- Task to carry out
Using the data that follows, return exactly the lines from the one that contains "What is the main" through the one that contains "What is the value for the charity_name?", ends included.
==================================================
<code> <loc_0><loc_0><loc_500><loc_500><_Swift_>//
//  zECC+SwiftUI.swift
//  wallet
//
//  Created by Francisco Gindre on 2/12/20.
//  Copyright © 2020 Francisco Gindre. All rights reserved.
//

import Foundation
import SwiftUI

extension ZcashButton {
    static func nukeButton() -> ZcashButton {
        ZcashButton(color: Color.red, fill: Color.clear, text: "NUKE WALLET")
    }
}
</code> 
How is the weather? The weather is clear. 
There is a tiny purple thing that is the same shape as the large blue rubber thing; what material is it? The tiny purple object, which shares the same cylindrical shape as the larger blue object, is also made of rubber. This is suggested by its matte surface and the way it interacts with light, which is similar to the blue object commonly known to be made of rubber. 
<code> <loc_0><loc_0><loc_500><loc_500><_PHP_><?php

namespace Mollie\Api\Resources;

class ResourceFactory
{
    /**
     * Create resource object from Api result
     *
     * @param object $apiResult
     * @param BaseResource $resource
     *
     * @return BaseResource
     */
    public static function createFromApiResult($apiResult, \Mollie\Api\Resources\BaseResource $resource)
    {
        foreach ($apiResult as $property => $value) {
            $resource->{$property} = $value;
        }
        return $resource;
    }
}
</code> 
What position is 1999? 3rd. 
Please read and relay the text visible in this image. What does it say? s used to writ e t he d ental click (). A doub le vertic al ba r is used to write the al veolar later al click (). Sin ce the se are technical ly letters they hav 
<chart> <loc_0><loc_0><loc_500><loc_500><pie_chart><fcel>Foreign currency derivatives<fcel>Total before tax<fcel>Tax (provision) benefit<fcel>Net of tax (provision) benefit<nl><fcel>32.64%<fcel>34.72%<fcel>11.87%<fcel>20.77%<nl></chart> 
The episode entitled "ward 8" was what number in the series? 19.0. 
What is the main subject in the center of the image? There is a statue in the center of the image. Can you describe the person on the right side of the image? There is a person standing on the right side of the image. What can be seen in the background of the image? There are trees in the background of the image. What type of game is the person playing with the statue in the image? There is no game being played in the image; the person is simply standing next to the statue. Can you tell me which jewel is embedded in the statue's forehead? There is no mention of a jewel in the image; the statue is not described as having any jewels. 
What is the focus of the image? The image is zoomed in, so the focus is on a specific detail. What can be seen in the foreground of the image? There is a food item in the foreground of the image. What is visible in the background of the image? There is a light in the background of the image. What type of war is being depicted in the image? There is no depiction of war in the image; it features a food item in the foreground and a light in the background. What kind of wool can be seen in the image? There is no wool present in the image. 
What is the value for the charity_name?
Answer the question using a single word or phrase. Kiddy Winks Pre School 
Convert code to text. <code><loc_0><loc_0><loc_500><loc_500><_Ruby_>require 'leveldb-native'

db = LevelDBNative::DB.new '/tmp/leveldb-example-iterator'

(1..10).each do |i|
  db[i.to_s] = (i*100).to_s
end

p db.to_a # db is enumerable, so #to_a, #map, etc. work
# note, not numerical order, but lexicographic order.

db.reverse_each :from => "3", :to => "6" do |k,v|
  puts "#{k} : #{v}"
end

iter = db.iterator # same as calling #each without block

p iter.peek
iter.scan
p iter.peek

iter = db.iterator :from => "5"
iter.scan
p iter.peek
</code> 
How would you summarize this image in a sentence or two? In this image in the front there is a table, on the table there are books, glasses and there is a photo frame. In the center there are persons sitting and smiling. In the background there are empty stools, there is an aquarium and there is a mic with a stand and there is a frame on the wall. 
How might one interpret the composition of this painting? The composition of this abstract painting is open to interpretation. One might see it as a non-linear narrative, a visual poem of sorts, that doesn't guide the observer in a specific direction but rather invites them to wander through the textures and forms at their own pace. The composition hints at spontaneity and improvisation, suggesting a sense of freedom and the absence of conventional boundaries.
==================================================
- Response to the task
What is the main subject in the center of the image? There is a statue in the center of the image. Can you describe the person on the right side of the image? There is a person standing on the right side of the image. What can be seen in the background of the image? There are trees in the background of the image. What type of game is the person playing with the statue in the image? There is no game being played in the image; the person is simply standing next to the statue. Can you tell me which jewel is embedded in the statue's forehead? There is no mention of a jewel in the image; the statue is not described as having any jewels. 
What is the focus of the image? The image is zoomed in, so the focus is on a specific detail. What can be seen in the foreground of the image? There is a food item in the foreground of the image. What is visible in the background of the image? There is a light in the background of the image. What type of war is being depicted in the image? There is no depiction of war in the image; it features a food item in the foreground and a light in the background. What kind of wool can be seen in the image? There is no wool present in the image. 
What is the value for the charity_name?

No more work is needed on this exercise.